While this specification contains many specific implementation details, these should not be construed as limitations on the scope of any invention or on the scope of what may be claimed, but rather as descriptions of features that may be specific to particular embodiments of particular inventions. Certain features that are described in this specification in the context of separate embodiments can also be implemented in combination in a single embodiment. Conversely, various features that are described in the context of a single embodiment can also be implemented in multiple embodiments separately or in any suitable subcombination. Moreover, although features may be described above as acting in certain combinations and even initially be claimed as such, one or more features from a claimed combination can in some cases be excised from the combination, and the claimed combination may be directed to a subcombination or variation of a subcombination.
Similarly, while operations are depicted in the drawings and recited in the claims in a particular order, this should not be understood as requiring that such operations be performed in the particular order shown or in sequential order, or that all illustrated operations be performed, to achieve desirable results. In certain circumstances, multitasking and parallel processing may be advantageous. Moreover, the separation of various system modules and components in the embodiments described above should not be understood as requiring such separation in all embodiments, and it should be understood that the described program components and systems can generally be integrated together in a single software product or packaged into multiple software products.
Particular embodiments of the subject matter have been described. Other embodiments are within the scope of the following claims. For example, the actions recited in the claims can be performed in a different order and still achieve desirable results. As one example, the processes depicted in the accompanying figures do not necessarily require the particular order shown, or sequential order, to achieve desirable results.

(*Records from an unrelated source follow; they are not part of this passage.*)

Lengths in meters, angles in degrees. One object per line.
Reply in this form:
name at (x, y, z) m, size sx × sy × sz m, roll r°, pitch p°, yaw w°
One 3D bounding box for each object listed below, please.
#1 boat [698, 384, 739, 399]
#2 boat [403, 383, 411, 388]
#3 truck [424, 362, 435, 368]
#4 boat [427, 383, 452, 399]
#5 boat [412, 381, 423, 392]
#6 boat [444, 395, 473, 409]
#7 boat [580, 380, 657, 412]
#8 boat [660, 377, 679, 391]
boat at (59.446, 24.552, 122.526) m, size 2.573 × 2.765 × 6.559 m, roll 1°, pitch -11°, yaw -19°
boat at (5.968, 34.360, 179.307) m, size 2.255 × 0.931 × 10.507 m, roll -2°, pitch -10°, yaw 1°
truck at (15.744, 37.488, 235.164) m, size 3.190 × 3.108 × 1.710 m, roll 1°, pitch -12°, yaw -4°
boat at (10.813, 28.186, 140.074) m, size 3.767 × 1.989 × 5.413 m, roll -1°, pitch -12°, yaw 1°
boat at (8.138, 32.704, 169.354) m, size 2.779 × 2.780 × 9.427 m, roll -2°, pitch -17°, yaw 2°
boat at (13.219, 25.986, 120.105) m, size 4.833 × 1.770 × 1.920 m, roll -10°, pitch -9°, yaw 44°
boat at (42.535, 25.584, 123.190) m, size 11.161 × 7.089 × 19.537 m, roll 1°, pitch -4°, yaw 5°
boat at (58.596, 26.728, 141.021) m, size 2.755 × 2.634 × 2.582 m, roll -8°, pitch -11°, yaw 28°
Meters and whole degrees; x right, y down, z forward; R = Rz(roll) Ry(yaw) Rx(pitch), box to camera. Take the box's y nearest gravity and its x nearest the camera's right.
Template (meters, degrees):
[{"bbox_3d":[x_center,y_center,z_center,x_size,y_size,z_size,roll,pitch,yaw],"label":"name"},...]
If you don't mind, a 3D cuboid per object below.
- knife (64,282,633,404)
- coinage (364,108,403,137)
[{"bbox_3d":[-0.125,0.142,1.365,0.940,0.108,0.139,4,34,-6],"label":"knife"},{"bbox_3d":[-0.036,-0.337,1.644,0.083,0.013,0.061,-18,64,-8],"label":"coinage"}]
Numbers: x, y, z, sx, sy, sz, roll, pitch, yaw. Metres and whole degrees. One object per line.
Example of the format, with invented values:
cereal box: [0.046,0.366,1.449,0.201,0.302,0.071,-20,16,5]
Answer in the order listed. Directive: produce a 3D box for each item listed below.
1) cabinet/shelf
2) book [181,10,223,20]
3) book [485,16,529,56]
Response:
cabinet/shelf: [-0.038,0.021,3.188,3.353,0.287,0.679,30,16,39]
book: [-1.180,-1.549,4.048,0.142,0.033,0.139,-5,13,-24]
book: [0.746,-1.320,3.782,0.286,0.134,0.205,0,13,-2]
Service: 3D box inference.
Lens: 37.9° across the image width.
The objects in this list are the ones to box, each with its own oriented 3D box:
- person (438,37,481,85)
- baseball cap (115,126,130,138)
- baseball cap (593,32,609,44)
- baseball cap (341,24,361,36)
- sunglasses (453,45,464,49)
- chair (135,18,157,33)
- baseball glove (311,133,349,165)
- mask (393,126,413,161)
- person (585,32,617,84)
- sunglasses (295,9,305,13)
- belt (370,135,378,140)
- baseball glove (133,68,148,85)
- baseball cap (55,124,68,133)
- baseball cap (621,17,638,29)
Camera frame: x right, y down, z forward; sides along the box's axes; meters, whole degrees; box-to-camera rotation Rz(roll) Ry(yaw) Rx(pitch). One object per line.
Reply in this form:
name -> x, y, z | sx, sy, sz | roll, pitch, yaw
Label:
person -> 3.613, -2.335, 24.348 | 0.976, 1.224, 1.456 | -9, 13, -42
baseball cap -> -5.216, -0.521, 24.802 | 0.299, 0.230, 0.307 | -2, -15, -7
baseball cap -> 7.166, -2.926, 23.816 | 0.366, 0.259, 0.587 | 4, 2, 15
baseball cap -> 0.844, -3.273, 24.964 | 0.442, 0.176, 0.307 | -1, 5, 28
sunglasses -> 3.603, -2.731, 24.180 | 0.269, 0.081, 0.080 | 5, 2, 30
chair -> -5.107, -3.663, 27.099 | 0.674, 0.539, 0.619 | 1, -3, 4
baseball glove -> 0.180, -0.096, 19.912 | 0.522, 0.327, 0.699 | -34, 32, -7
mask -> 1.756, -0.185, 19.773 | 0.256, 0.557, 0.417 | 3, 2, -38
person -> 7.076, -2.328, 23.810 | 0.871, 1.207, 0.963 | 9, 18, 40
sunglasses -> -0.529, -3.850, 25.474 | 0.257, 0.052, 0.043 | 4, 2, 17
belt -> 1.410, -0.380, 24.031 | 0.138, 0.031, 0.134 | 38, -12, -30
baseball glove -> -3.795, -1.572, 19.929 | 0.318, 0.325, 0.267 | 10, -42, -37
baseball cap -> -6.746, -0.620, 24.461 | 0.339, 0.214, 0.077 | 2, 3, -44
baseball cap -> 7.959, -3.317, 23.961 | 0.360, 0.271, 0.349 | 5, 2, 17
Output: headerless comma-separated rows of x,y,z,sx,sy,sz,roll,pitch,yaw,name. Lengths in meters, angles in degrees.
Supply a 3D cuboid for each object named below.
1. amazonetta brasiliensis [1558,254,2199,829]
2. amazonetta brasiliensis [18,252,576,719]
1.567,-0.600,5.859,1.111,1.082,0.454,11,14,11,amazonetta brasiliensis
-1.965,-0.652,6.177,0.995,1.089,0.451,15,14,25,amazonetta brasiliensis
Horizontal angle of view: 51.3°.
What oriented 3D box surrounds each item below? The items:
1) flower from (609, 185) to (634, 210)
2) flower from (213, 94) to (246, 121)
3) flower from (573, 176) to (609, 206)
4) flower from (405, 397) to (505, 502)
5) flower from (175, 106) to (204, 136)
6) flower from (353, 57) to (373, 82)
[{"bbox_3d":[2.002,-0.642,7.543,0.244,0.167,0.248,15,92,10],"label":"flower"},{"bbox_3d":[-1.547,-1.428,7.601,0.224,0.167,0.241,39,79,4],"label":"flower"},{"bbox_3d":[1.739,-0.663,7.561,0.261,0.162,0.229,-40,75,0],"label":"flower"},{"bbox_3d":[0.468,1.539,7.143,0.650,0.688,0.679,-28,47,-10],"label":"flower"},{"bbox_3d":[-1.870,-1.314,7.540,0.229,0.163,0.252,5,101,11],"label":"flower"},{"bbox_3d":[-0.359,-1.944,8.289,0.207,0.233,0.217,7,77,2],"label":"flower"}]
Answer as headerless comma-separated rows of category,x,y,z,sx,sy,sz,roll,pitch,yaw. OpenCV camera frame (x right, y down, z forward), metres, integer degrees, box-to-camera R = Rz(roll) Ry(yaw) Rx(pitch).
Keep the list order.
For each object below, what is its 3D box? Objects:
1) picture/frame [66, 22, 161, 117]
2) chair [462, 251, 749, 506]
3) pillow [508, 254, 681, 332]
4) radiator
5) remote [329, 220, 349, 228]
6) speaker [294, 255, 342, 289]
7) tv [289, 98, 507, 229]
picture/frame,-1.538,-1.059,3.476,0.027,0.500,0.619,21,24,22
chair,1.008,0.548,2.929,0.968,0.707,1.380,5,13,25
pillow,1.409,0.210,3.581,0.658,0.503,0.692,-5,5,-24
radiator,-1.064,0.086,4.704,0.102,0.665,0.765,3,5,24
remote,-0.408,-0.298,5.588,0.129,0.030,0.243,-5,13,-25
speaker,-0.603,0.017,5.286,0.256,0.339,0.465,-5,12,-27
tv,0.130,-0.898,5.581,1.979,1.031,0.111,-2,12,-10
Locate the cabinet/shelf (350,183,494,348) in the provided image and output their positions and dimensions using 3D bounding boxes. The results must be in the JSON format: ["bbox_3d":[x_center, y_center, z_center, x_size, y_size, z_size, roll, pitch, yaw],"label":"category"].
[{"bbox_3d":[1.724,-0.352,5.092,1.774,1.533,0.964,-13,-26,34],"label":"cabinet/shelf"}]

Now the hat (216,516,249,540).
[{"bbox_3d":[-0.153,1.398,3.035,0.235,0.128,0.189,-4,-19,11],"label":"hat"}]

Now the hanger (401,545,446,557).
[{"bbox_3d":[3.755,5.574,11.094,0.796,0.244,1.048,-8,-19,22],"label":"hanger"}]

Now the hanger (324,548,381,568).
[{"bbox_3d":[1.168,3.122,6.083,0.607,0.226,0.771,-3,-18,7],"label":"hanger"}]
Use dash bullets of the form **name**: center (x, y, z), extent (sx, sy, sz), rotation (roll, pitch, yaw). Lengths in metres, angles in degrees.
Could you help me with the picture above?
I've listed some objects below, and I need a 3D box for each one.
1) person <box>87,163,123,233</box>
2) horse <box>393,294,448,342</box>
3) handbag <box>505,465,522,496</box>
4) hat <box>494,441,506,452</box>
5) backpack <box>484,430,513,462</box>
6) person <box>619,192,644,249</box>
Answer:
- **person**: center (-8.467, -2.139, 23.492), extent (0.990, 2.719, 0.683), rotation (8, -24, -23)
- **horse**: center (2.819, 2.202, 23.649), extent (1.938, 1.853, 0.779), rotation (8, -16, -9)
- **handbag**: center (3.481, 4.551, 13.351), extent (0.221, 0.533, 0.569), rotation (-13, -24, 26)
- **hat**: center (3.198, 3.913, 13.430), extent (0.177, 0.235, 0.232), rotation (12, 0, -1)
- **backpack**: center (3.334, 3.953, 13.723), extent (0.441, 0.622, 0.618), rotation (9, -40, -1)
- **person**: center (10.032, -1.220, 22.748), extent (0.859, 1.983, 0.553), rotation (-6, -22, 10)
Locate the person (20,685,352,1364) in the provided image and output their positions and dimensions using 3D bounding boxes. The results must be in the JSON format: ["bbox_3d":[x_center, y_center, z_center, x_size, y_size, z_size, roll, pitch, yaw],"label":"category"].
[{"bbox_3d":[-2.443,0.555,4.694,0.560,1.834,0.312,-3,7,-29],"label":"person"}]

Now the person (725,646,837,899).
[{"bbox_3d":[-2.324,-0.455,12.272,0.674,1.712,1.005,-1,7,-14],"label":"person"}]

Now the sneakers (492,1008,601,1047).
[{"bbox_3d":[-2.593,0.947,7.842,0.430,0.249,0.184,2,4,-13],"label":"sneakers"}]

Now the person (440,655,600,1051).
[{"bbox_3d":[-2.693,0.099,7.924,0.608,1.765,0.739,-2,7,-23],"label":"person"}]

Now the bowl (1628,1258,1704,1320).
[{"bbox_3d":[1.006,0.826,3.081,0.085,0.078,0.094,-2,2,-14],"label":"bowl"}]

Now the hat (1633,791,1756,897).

In some cases, multitasking and parallel processing may be advantageous.
Claims
1. A system for performing a machine learning task on a network input to generate a network output, the system comprising one or more computers and one or more storage devices storing instructions that, when executed by the one or more computers, cause the one or more computers to implement:
- an attention neural network configured to perform the machine learning task, the attention neural network comprising one or more tree attention layers, each tree attention layer comprising one or more tree attention sub-layers, each tree attention sub-layer configured to: receive a sequence of query vectors derived from an input sequence to the tree attention layer, the sequence of query vectors having a respective query vector at each of a plurality of input positions; receive a sequence of key vectors derived from the input sequence to the tree attention layer, the sequence of key vectors having a respective key vector at each of the plurality of input positions; receive a sequence of value vectors derived from the input sequence to the tree attention layer, the sequence of value vectors having a respective value vector at each of the plurality of input positions; process each query vector using a decision tree model for the tree attention sub-layer to determine a respective tree path for each query vector, the decision tree model having a plurality of levels of nodes and the respective tree path for each query vector identifying, for each level of nodes, a node from the level that was traversed by the query vector; process each key vector using the decision tree model to determine a respective tree path for each key vector, the respective tree path for each key vector identifying, for each level of nodes, a node from the level that was traversed by the key vector; and
- generate an attended input sequence comprising a respective attended input at each of the plurality of input positions, comprising: generating, for each particular input position, the respective attended input at the particular input position based on (i) the tree path for the query vector at the particular input position (ii) the respective tree paths for the key vectors at each of the plurality of input positions and (iii) the value vectors at a subset of the input positions.
2. The system of claim 1, wherein generating, for each particular input position, the respective attended input at the particular input position based on (i) the tree path for the query vector at the particular input position (ii) the respective tree paths for the key vectors at each of the plurality of input positions and (iii) the value vectors at a subset of the input positions comprises:
- selecting, for each particular input position, a respective subset of input positions that includes only input positions for which the key vector traversed a same leaf node in the decision tree model as the query vector for the particular input position.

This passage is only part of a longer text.